EXERCISE DETAILS: Return exactly, please, the line that contains "Same task for the person [402,678,439,777]." and every line after it through the end of the material that follows, leaving pictures aside.

RECORDED DATA:
%%
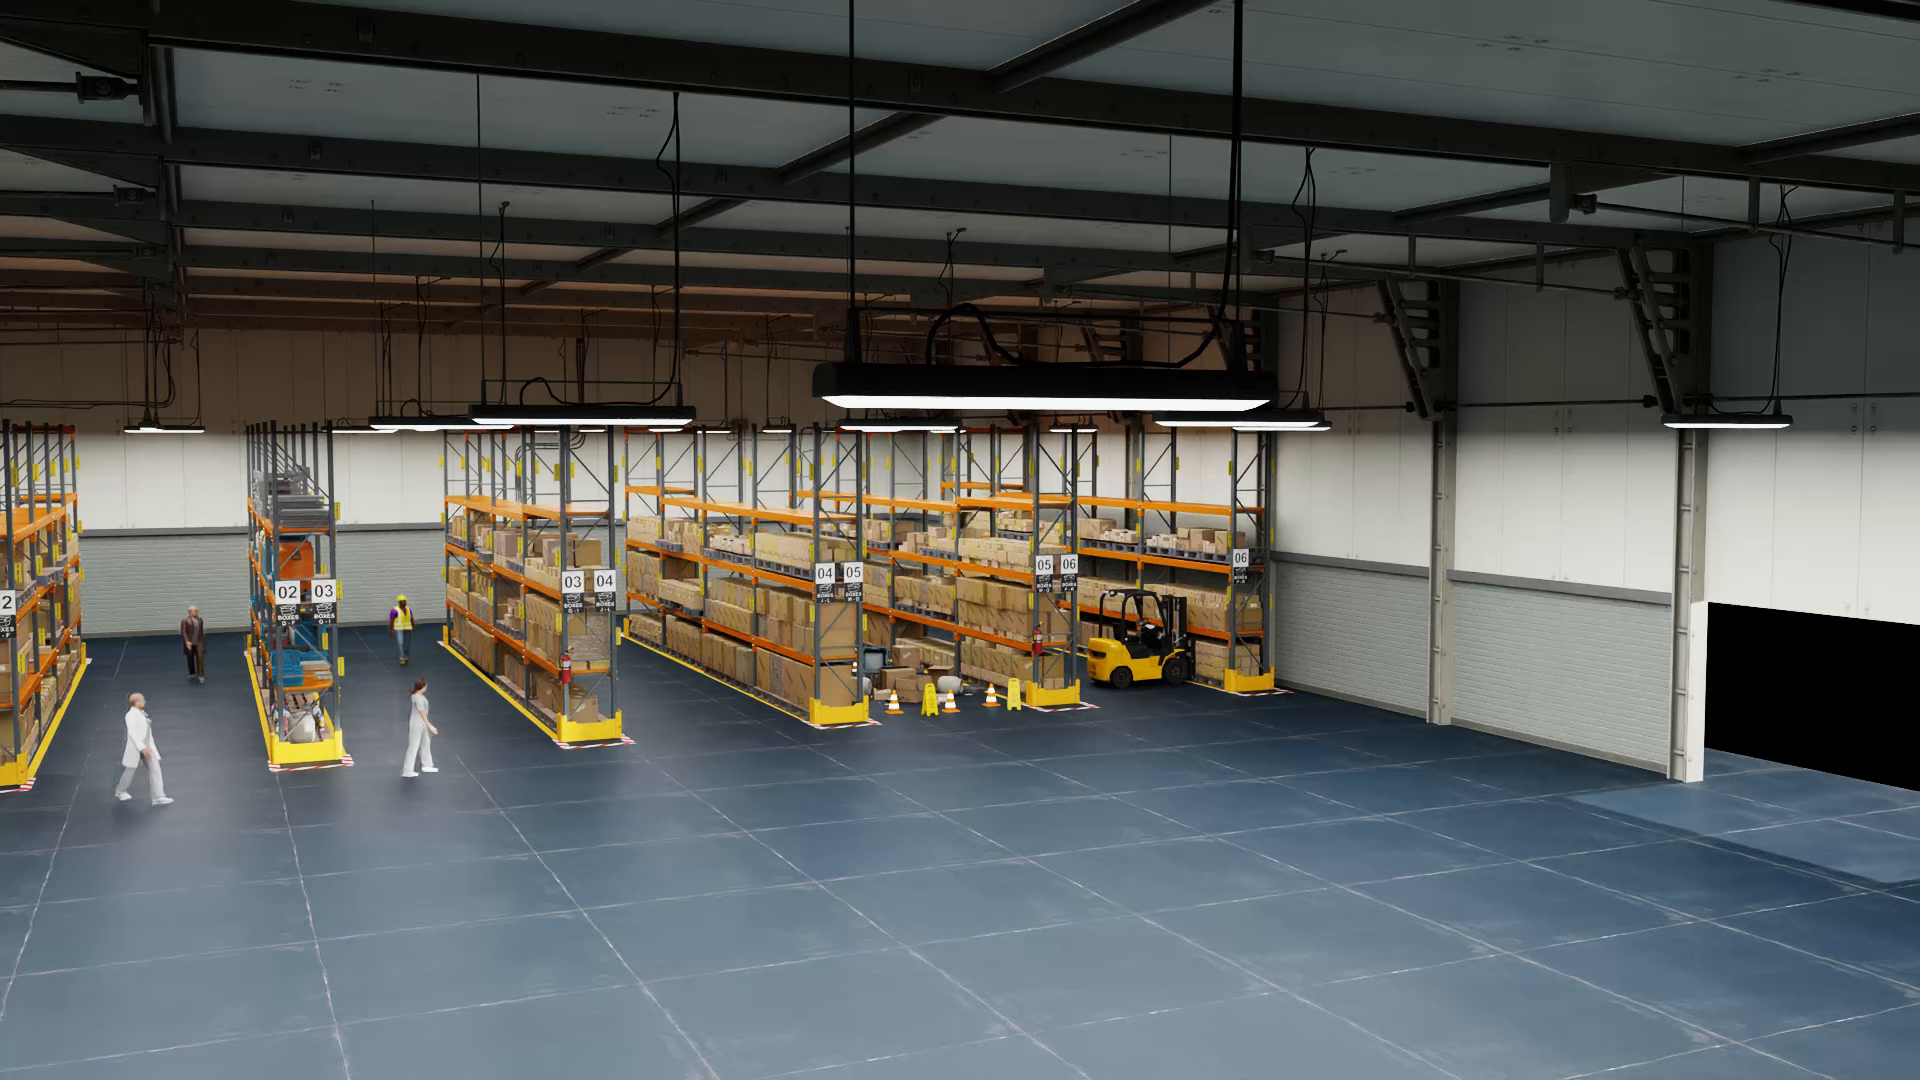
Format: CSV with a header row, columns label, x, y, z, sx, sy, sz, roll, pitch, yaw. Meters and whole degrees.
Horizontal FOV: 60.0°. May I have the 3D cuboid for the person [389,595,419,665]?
label,x,y,z,sx,sy,sz,roll,pitch,yaw
person,-13.967,2.252,41.779,0.702,1.726,1.031,-2,4,-27

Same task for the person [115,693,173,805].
label,x,y,z,sx,sy,sz,roll,pitch,yaw
person,-12.709,3.242,25.799,1.127,1.731,0.521,2,4,33

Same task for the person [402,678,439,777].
label,x,y,z,sx,sy,sz,roll,pitch,yaw
person,-9.130,3.156,28.101,0.579,1.680,0.596,-1,4,-15

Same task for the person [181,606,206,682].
label,x,y,z,sx,sy,sz,roll,pitch,yaw
person,-17.865,2.412,38.758,0.529,1.728,1.047,-2,4,-26
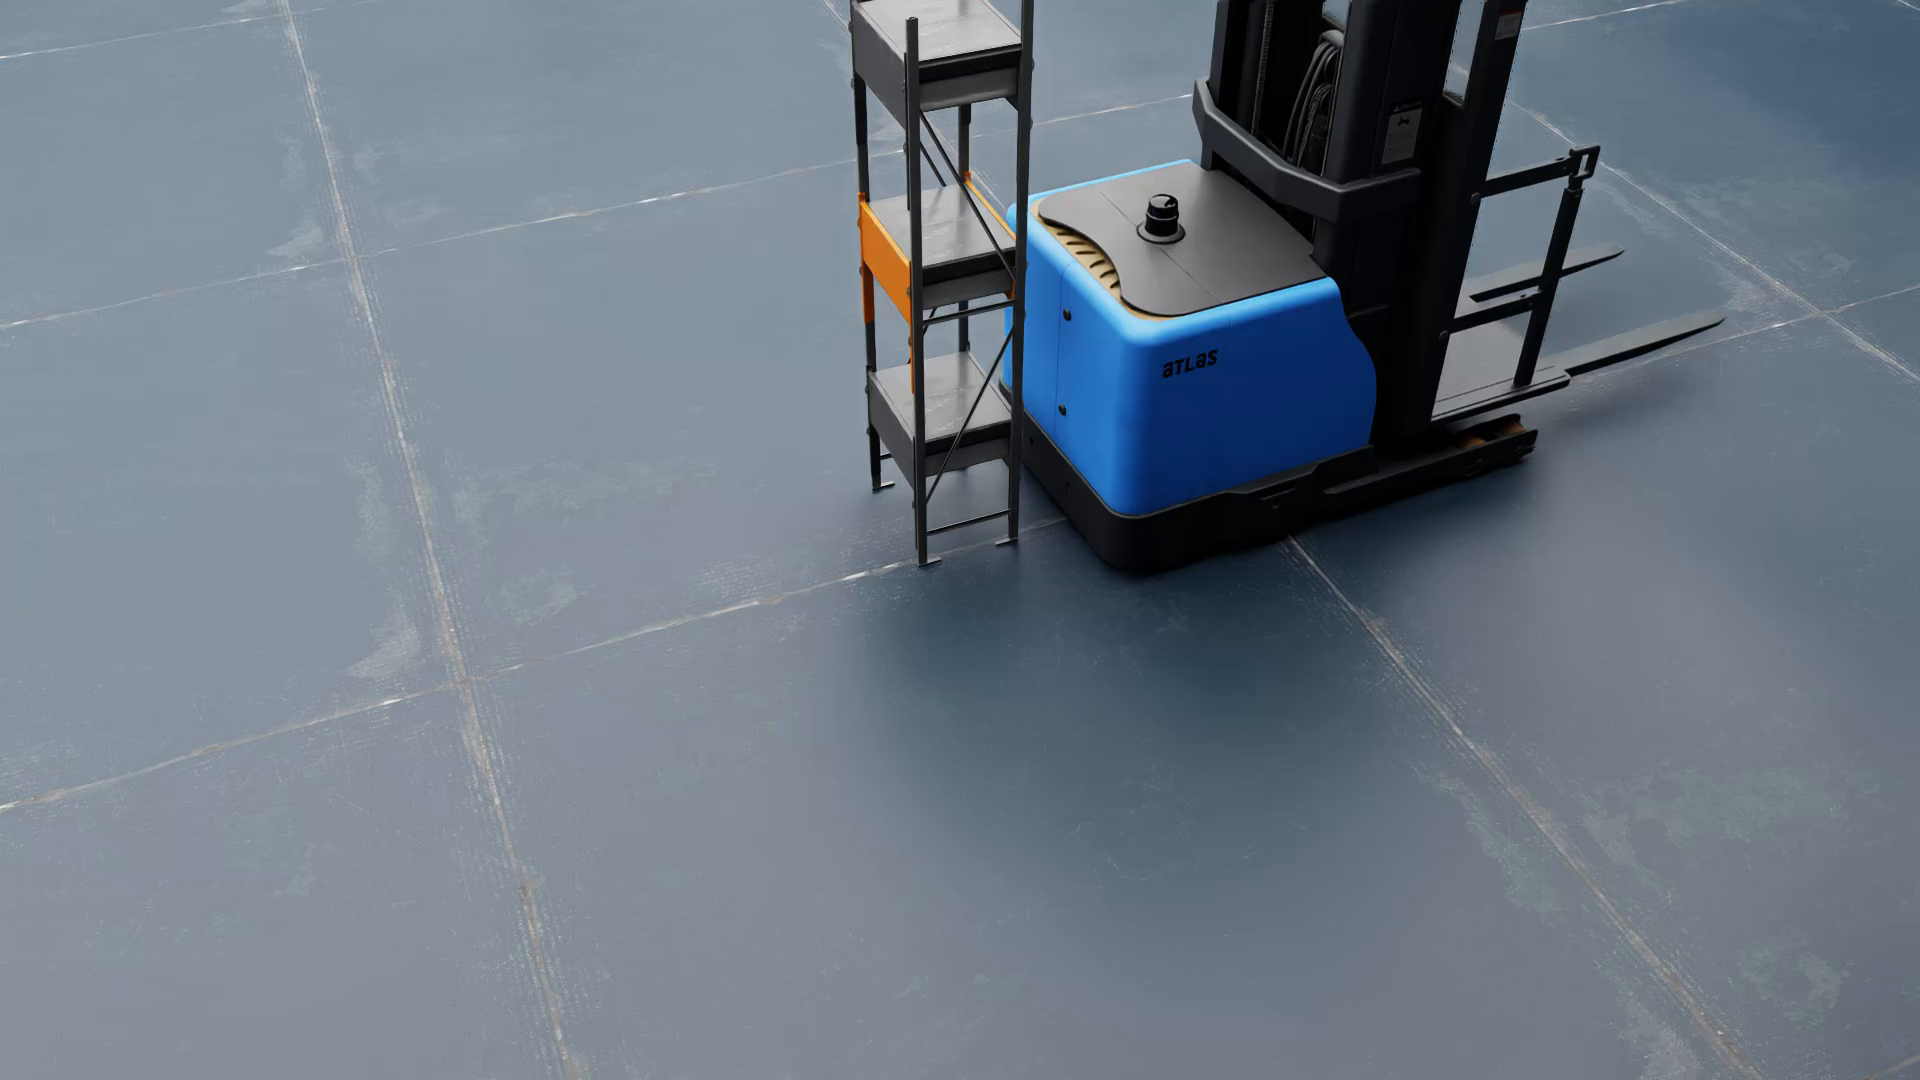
%%
WORKED SOLUTION:
Same task for the person [402,678,439,777].
label,x,y,z,sx,sy,sz,roll,pitch,yaw
person,-9.130,3.156,28.101,0.579,1.680,0.596,-1,4,-15

Same task for the person [181,606,206,682].
label,x,y,z,sx,sy,sz,roll,pitch,yaw
person,-17.865,2.412,38.758,0.529,1.728,1.047,-2,4,-26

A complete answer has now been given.